REGvac induces a tolerogenic phenotype that resists LPS-induced stimulation in murine BMDCs. Bone marrow-derived dendritic cells (BMDCs) were treated with REGvac, methotrexate, LPS, REGvac + LPS, or methotrexate + LPS for 72 hours and evaluated for surface expression of CD80, CD86 via flow cytometry. REGvac treatment of murine BMDCs suppressed CD80 expression (Fig. 2A), did not induce CD86 expression (Fig. 2B), and bestowed the ability to resist LPS-induced expression of CD80 and CD86.
REGvac treatment ameliorates symptoms in CIA/FIA mice. DBA1/J mice were induced with CIA/FIA. Upon onset of severe RA (clinical score > 6) REGvac, MTX, or PBS interventions were initiated for 8 weeks. REGvac treatment significantly reduced clinical score (Fig. 3A) and ankle thickness (Fig. 3B) after 8 weeks.
Discussion: Our REGvac therapy hinges on delivering rheumatic autoantigens to local dendritic cells in a tolerogenic context. It is important that these tolerogenic dendritic cells loaded with rheumatic peptides are able to retain a regulatory phenotype when exposed to external inflammatory stimuli in order to facilitate mechanisms of tolerance when encountering autoreactive T cells. We show that in vitro REGvac-treated BMDCs are able to retain low expression of CD80 and CD86 when stimulated with LPS, and that REGvac treatment in the CIA/FIA mouse model of inflammatory arthritis is able to ameliorate RA symptoms.

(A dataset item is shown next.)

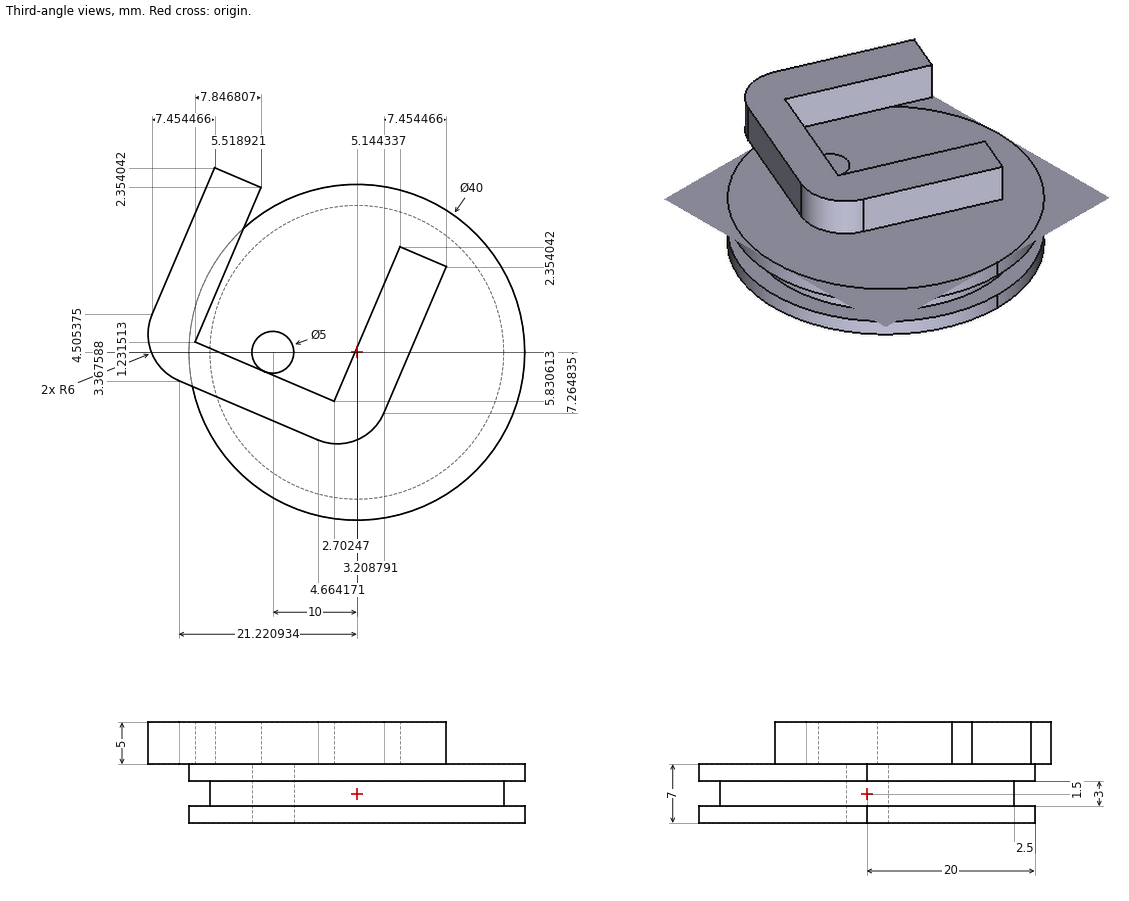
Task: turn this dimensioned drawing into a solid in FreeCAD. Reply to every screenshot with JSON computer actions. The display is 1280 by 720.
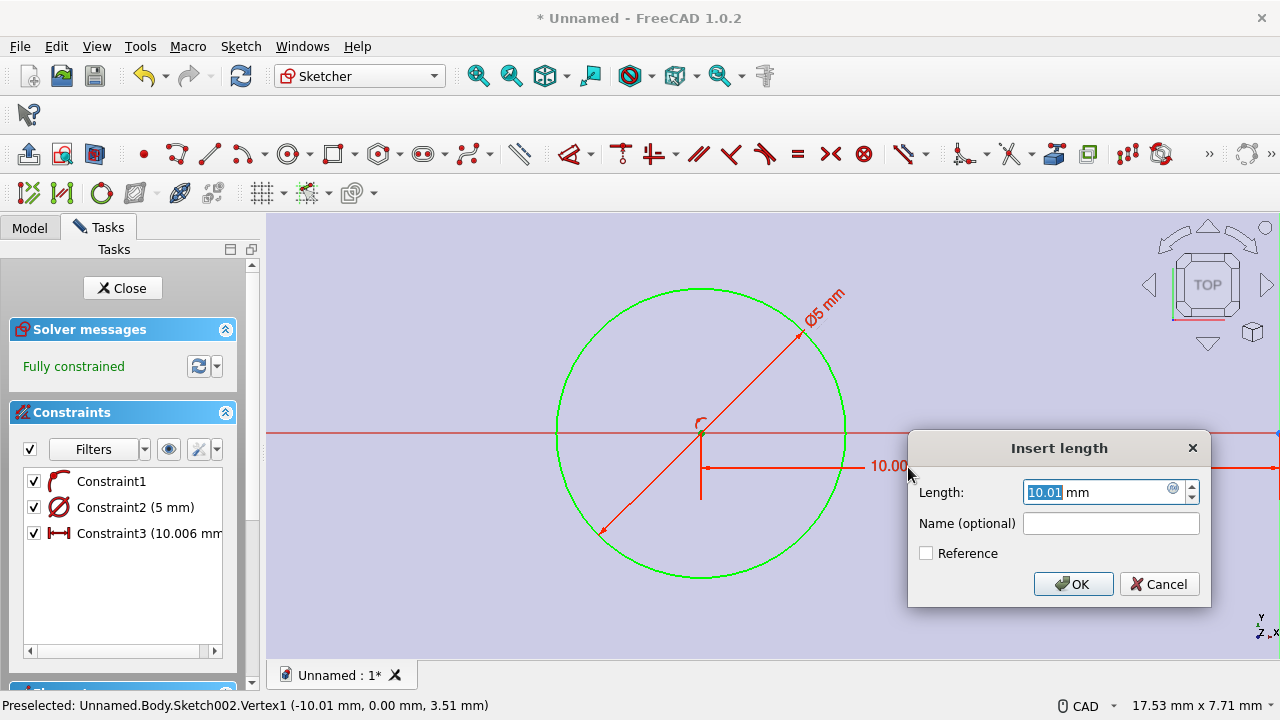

Conclusion: In this study, we demonstrate that REGvac is able to induce a stable tolerogenic phenotype in murine BMDCs that resists subsequent LPS-induced stimulation and ameliorate arthritic symptoms in the CIA/FIA mouse model of RA. These results give evidence that REGvac is able to exert therapeutic effects in vivo through modulation of DCs. Further validation that this microparticle therapy does not compromise the immune system would be a much-needed alternative to current therapies that immunocompromise the patient.